Sunday, August 24, 2014

This Life

There is times, that etch themselves into your being. Summer 2006 is one of those. 'It's all over now Baby Blue' by Bob Dylan on rotation. I know I've been writing about this before.

'The empty handed painter from your streets, is drawing crazy patterns on your sheets... the sky too, is folding over you... and it's all over now baby blue....'

See, times pass. The 60's are over. It is 2014 now, and it happens weekly that I look up from my routines and think 'this is it. I've been here, Nairobi 2014.' We are living history. We are shaping history. This music is transporting a myriad of meanings through space and time.
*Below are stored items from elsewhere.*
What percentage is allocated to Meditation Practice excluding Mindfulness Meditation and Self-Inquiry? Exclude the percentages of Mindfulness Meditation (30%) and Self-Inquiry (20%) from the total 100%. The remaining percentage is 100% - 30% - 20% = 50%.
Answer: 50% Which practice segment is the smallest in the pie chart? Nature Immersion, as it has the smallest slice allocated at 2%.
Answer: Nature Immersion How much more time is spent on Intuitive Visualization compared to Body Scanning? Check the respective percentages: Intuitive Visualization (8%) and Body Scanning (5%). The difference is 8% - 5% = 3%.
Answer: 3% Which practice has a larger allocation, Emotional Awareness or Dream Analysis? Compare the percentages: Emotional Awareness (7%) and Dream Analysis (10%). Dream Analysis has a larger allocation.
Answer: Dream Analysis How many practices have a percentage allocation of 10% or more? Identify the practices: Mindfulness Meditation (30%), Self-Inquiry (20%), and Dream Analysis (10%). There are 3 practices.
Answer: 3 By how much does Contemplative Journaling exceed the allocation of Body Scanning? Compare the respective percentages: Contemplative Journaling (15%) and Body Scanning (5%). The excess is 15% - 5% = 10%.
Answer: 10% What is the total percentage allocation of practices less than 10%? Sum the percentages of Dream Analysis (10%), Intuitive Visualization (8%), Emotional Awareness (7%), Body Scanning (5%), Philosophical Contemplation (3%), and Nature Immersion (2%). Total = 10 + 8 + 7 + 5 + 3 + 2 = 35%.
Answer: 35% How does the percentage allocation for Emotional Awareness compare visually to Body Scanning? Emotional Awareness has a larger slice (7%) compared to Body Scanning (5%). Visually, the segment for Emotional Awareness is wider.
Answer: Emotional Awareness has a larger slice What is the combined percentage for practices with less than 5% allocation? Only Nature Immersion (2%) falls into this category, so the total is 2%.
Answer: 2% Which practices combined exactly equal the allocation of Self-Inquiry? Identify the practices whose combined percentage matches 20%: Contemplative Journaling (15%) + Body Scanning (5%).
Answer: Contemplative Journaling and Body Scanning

For a while I was at a loss to make sense of my years in Los Angeles. I wondered what the hell I had been doing there. If it had been a big mistake, leading me astray, delaying what really is important to me. And, as time passes, I realize that it is not so. Every little thing I have experienced, gone through, shaped is informing my very steps I am taking now that make me so happy, that are leading into deeper and deeper meanings. Nothing was futile. I can't deny that music plays a huge role in my life. I can't deny that the emotional landscapes I wandered through during those years are what I am working with now. I can't deny that this love I have known, so infused with all this music, was so insanely beautiful and meaningful. I can't shake it. This young man touched me so deeply, I can still feel it in every piece of my soul. My friends from that time continue to touch my life deeply. The things I learned about life, love, loss and art give substance to everything I am doing now.
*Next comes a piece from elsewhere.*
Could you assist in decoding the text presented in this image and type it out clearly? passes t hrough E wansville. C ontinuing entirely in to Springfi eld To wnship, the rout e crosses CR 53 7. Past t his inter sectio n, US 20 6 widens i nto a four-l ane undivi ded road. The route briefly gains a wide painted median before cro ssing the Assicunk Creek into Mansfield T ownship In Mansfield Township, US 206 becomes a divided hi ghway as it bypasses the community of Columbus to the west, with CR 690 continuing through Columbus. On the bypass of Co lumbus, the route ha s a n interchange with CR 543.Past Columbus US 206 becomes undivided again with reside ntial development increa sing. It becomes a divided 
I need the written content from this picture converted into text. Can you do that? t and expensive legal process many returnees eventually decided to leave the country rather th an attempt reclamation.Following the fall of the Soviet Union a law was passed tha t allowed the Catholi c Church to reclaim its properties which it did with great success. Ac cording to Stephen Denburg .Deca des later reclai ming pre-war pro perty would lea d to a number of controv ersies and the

A friend asked recently 'with all your years in Kenya - are you finally settling for a consistent career?'. I can't blame him - the strands of the things I have done seem so disparate, if not random. I have wondered a lot about my path, myself, I have doubted that what I did was right or whether I missed out on very important aspects - but I feel now so clearly, that it is all true. That it is all right. That it all comes together, in the end.

Who knows, if I can know this kind of love again. Who knows if I can leave the dead behind, and if they will stop following me. When I kissed you, I had a flash back and wondered how it was to kiss him. And I realized, I would never, never, never again kiss those lips I so dearly loved.

And that's ok. Because it's all over now Baby Blue.